→ **PROBLEM TO SOLVE**
Once you have counted the lines below that contain "forward", give that number and nothing else.

→ **Data excerpts**
=-=-=-=-=

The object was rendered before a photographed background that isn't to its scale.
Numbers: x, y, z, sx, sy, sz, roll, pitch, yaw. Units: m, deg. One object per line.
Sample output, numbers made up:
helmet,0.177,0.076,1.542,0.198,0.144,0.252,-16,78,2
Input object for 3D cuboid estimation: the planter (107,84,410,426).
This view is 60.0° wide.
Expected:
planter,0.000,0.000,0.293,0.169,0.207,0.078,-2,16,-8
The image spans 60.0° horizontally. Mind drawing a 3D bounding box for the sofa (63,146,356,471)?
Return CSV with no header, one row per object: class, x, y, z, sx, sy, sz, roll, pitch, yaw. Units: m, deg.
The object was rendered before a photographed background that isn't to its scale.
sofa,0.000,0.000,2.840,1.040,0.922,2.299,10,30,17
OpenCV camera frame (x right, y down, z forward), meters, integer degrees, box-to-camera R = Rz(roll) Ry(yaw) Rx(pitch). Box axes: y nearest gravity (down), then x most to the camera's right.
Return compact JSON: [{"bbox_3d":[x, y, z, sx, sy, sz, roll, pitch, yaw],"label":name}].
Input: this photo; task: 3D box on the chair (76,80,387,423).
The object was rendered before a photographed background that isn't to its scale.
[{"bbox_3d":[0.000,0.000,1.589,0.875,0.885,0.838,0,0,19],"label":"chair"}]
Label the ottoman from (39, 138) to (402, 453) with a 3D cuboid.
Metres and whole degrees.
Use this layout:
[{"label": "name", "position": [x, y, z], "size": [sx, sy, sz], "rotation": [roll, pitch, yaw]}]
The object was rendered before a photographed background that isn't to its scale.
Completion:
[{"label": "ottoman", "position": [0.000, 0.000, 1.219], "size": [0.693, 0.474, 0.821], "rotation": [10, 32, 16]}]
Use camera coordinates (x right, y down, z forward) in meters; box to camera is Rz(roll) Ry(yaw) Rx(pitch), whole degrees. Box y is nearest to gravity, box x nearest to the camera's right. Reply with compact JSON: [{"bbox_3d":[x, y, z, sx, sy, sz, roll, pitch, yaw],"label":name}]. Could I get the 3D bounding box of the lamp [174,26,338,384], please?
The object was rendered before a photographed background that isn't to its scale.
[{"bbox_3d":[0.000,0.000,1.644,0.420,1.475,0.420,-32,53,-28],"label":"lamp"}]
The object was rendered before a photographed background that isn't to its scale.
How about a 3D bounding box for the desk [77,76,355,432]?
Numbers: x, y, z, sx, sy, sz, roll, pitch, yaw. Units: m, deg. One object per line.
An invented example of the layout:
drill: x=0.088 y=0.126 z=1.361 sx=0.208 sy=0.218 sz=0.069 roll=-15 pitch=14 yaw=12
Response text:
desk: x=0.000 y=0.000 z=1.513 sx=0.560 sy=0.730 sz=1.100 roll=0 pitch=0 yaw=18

=-=-=-=-=

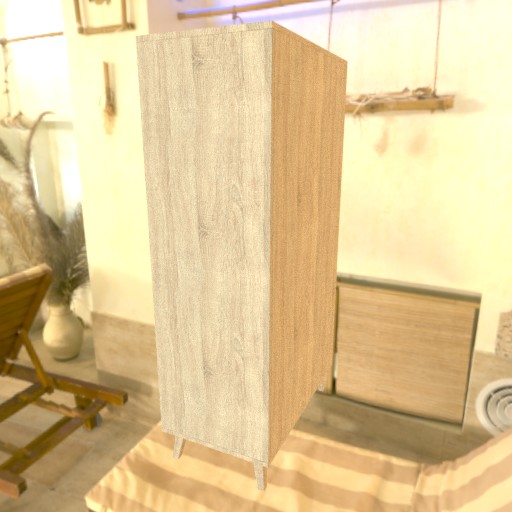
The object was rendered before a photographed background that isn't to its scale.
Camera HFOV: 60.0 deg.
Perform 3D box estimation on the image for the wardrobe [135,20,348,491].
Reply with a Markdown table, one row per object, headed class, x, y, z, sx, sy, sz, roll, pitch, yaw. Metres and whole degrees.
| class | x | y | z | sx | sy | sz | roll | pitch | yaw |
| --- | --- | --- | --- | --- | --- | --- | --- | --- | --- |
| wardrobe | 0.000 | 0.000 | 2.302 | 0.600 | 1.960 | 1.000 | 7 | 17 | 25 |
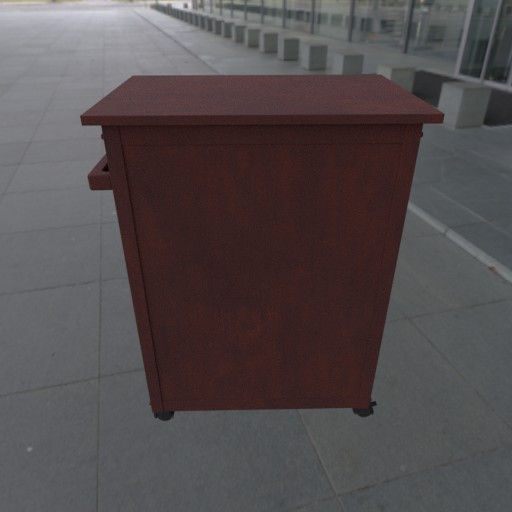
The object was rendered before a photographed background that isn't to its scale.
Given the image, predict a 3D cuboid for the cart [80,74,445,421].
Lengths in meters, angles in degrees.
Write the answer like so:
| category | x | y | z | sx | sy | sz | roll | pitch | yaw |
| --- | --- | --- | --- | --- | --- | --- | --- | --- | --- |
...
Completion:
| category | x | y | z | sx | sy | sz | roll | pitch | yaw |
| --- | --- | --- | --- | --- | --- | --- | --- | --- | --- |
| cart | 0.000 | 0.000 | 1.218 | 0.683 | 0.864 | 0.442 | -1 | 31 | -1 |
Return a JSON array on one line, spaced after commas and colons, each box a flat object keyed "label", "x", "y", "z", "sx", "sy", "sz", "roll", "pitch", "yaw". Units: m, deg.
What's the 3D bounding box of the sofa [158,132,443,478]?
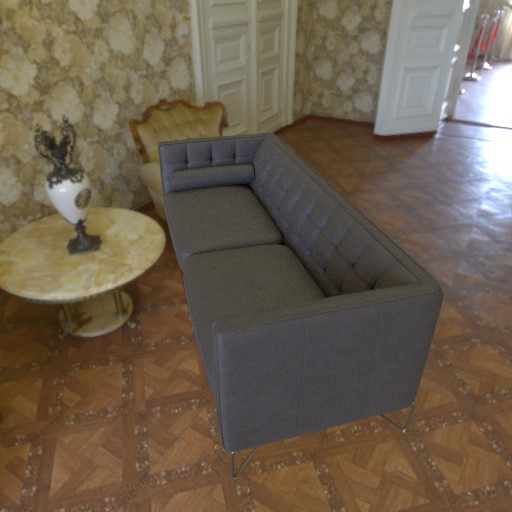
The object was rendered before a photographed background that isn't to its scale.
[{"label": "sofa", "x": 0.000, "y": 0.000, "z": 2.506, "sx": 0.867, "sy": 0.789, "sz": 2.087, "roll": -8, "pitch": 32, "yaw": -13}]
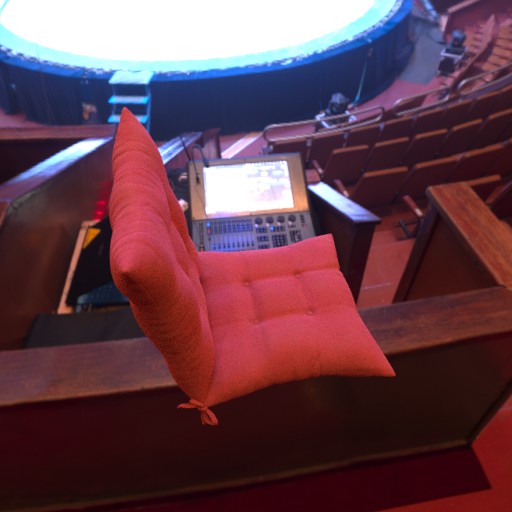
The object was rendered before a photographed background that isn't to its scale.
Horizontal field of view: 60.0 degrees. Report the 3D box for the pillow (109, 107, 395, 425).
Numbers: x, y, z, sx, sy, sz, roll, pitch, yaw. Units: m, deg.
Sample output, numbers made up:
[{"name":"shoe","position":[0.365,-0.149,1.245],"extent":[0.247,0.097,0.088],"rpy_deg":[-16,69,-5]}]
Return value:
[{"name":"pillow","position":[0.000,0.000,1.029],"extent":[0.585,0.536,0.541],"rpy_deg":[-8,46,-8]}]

=-=-=-=-=

→ **RESPONSE AREA**
2